Friday, 5 November 2010

書讀到一半的心得.1


「這本拿去吧。」鍾文音《寫給你的日記》,「她當時的情境和妳也差不多,也許可以讀讀看。」


但我和鍾小姐氣味不合。即使落花流水,我寫不出她的句子 。千言萬語,住紐約就似個成就了,其他事情上的想法也有差異。總是翻了幾個段落書就要擱著,不然又對著空氣開始罵人了。


但人有劣根性,越是討厭的部落格越是追的勤,明明是浪費生命,當作抱怨的素材,邊罵人還邊得意的以為自己高等,不知羞。書還是繼續讀,只為追個饒有趣味的點。如果《寫》一書裡,每個篇章都訴說著情思,品嘗著寂寞,思忖著人生,我以為每個斷句間,也不住的記錄擦身而過的異性對鍾所吐露的幾個單字、一抹眼神、短瞬觸碰。這些不佔空間缺乏重量,經過下個女人回收再利用的廉價,她孜孜不倦的記錄著。


鍾的紐約日記有個明顯又不曾直接處理的矛盾。日復一日她與千里外的情人談人生,讀傅科或李維史陀,她生日收到他的沙特和西蒙波娃; 她說分離是彼此同意對情感的考驗, 四下皆誘惑,但她決定為感情守貞 。只是,幾番塑造己身為「在異國的單身東方女性」這個意像,鍾清楚她的在異地的籌碼。慾望若是水,對鍾來說,城市就建在運河上了,眉來眼去皆是都會生活的必要背景。衣裳的一角浸了水,貼身的冰涼蔓延全身,人打了寒顫。 只是,三不五時引佛經的她,為何沒直接面對「不是風動,不是幡動,是仁者心動了」這種菜市場佛學呢?

(但這個「在異國的單身東方女性」意像又不是理所當然的適用於所有人。鍾的第一個室友娣娣是個大陸人,兩個小孩的媽,先生外遇了出來療傷兼賺錢。鍾從娣娣的嘴說自己有個陶瓷臉,又寫了娣娣笑自己長得很安全,沒人會起邪念。)

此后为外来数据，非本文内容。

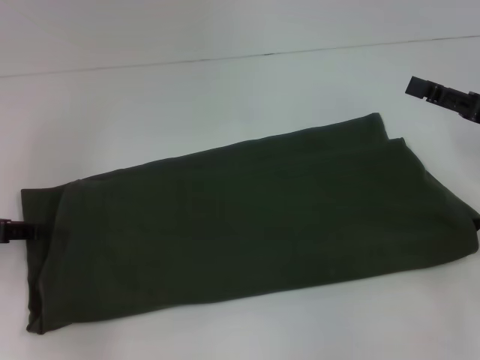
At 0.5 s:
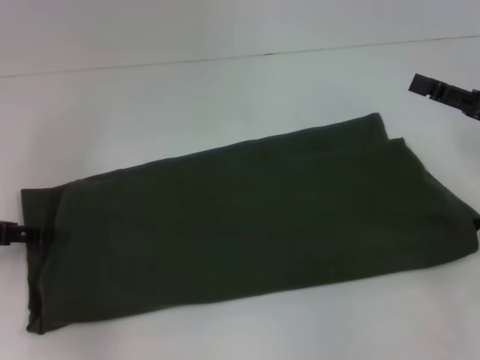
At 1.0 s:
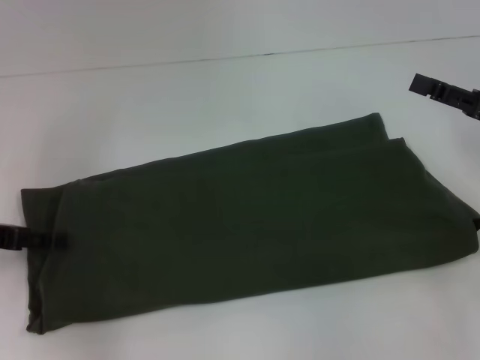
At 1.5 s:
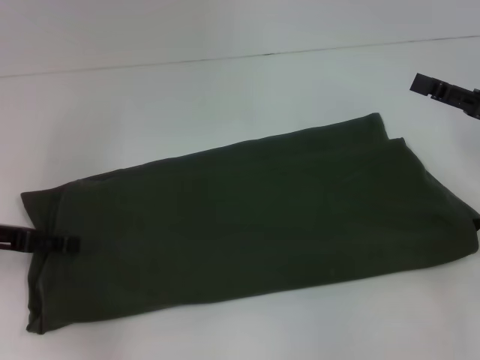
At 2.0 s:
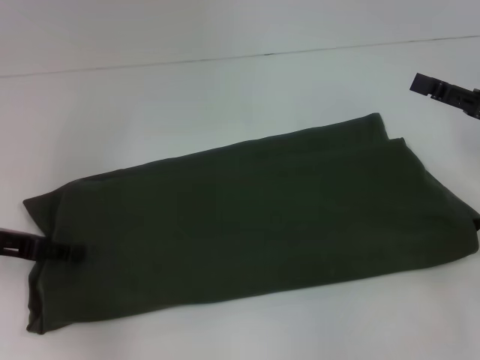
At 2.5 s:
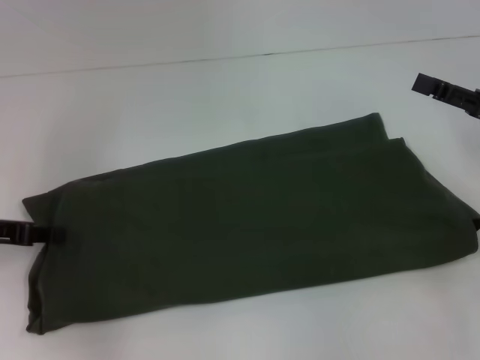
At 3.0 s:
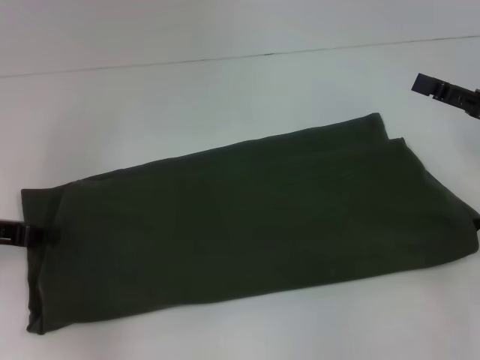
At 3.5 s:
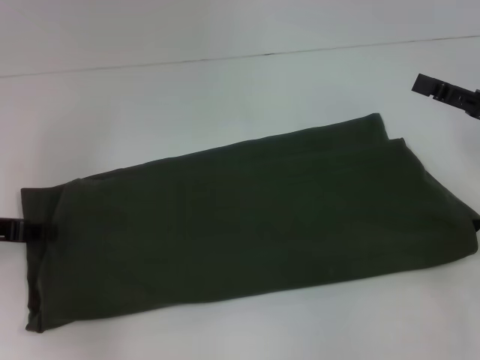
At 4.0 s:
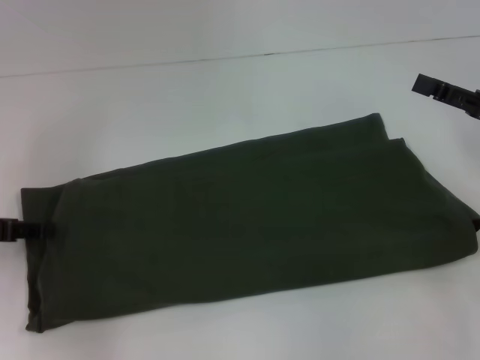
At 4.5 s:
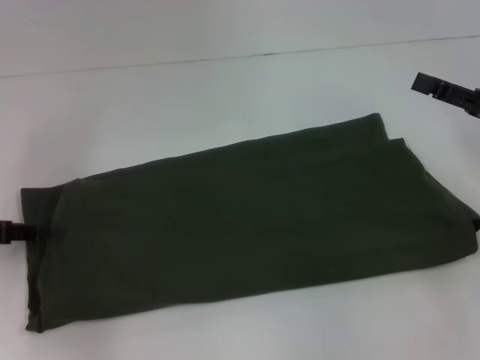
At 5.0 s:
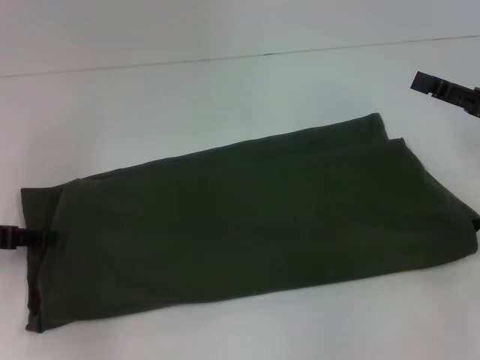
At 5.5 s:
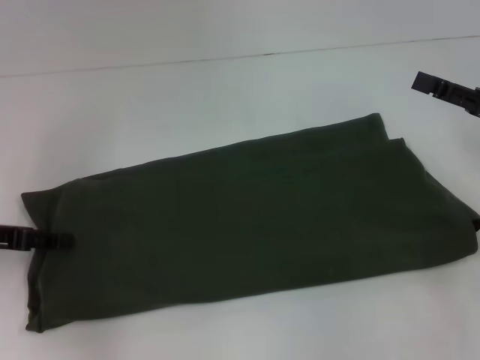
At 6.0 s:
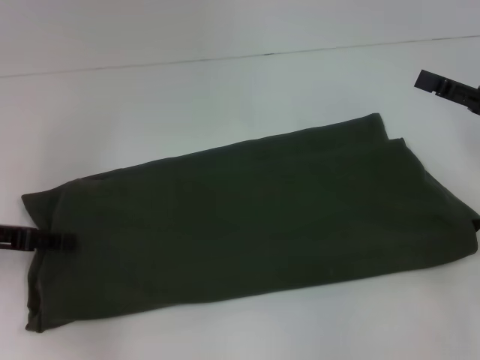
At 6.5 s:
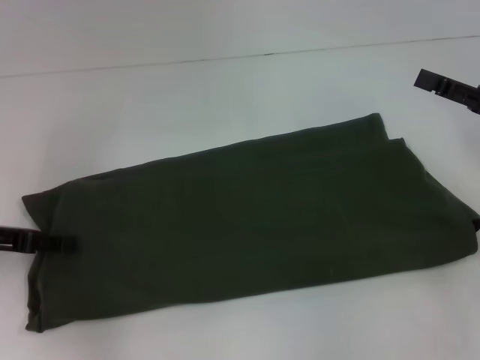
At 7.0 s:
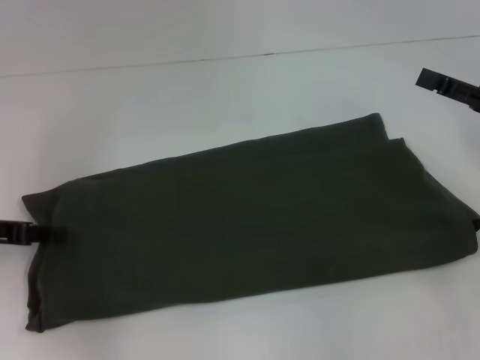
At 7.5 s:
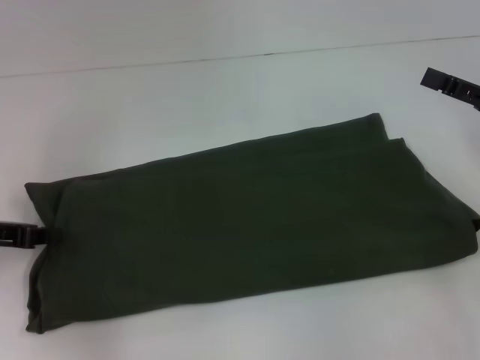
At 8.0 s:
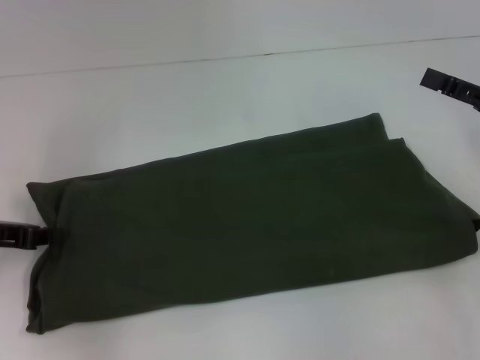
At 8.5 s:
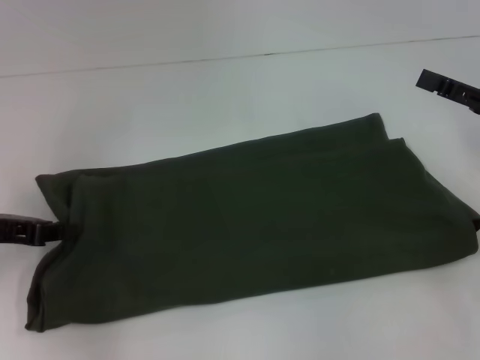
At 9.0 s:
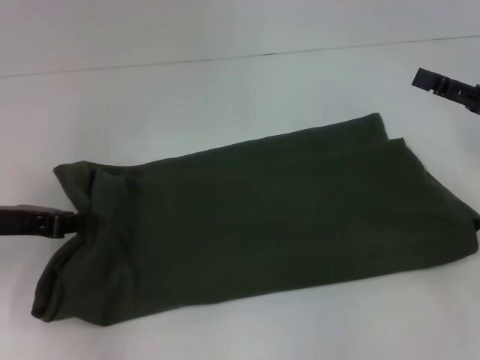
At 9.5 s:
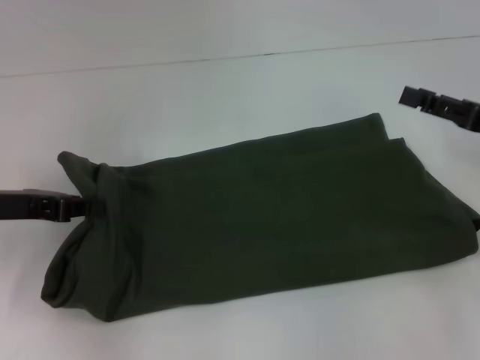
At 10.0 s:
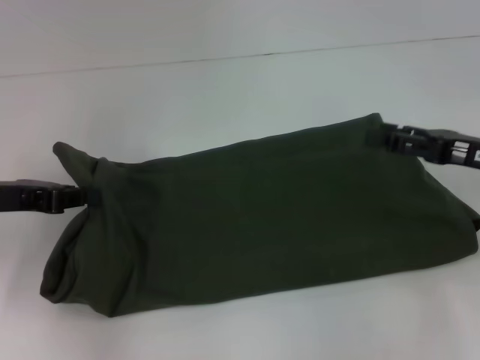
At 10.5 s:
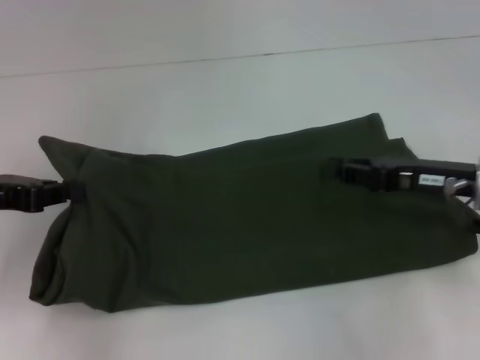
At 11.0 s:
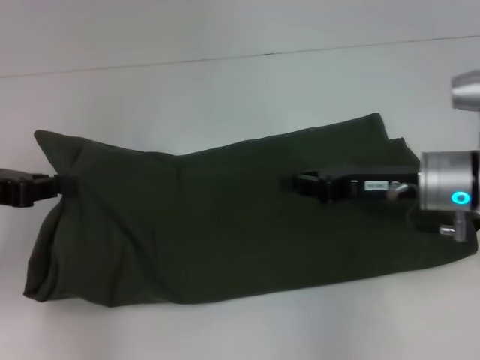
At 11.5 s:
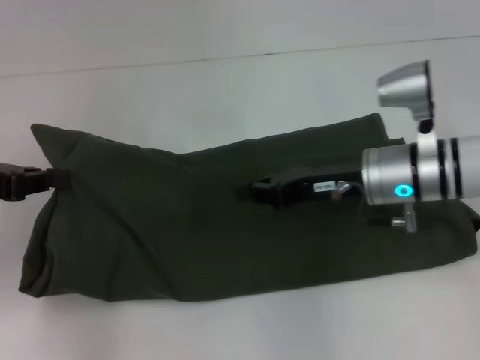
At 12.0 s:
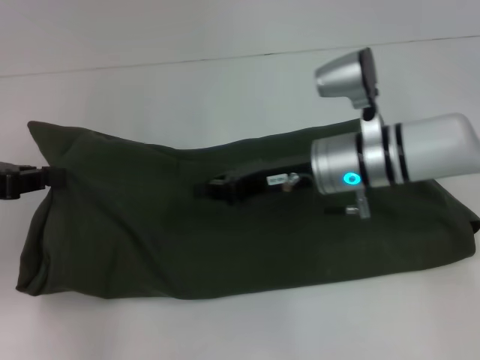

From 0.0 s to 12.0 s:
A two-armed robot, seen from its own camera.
From 0.0 s to 2.0 s: The left gripper opens.
From 2.0 s to 4.0 s: The left gripper closes its fingers.
From 4.0 s to 6.0 s: The grippers stay close to where they were, moving slightly.
From 6.0 s to 8.0 s: The left gripper closes.
From 8.0 s to 10.0 s: There are only small adjustments of the grippers.
From 10.0 s to 12.0 s: The right gripper goes about 20 cm to the left, and closes up.

長時間在網路浪費生命,我也習慣了「東方女性」(其實是台灣女性,我只看繁體中文)在異國體驗書寫上,搭訕、豔遇是眼熟的元素,通常搭配以下反應出現:

「哎呀,今天穿OO的小洋裝看起來是正確的決定,當初花了XX大洋,但很值得。」

「呴呴,人家眼睛很藍/綠,一頭卷髮/金髮/野性的長髮,頗有地中海熱情/東歐神祕/法國浪漫/北歐冷冽/英倫紳士/紐約都會風格,好開心喔。」

「真討厭,今天有個黑人/印巴人/流浪漢/死老頭/泰勞在跟我吹口哨,還怪聲怪叫的,看個屁。」

「一杯OO紅酒下肚,身體暖了,微醺。我是在異鄉找尋自己的旅人/辭了工作開始流浪,在巴賽隆鈉/摩洛哥/伊斯坦堡/愛琴海邊的曲折小徑迷失了回旅店的路。轉身,發現他那深邃的眼微笑的看著我,嘴裡說不熟悉的語言,好有磁性的聲音。我沒注意到他,他從哪裡出現的?跟著我多久了?他說著我不熟悉的語言,又突然意識到我不瞭解他的話,笑了,溫暖的笑。我看他手上的地圖,才瞭解他也是個旅人,也迷路了。地球這麼大,我和這個陌生人卻在星空下的這面牆遇見了。如真似夢,我們的相遇,冥冥中,一定有個道理。」

(道理是你們都是路痴。)


文字反應殊異,相同的是我們對「被注意到了」這件事都敏感,並覺得此事有記錄必要。回到書上,這些漣漪於鍾有時是騷擾,有時讓她感覺美好,有時,她只是記錄,她說這是城市的慾望。但城市哪來慾望呢?有慾望的還是人。然而是誰的慾望呢?是在異國的單身東方女性自然而然地成為被慾望體,還是鍾對於自己作為慾望主體的可能性沈默了?


只有那麼一次,在畫室的人體素描課,幾個同學嚼舌頭,她在指引下發現當天的男模特兒那邊特別大,大的讓整個班級沈默沸騰。鍾還是在他人提醒下才看到的。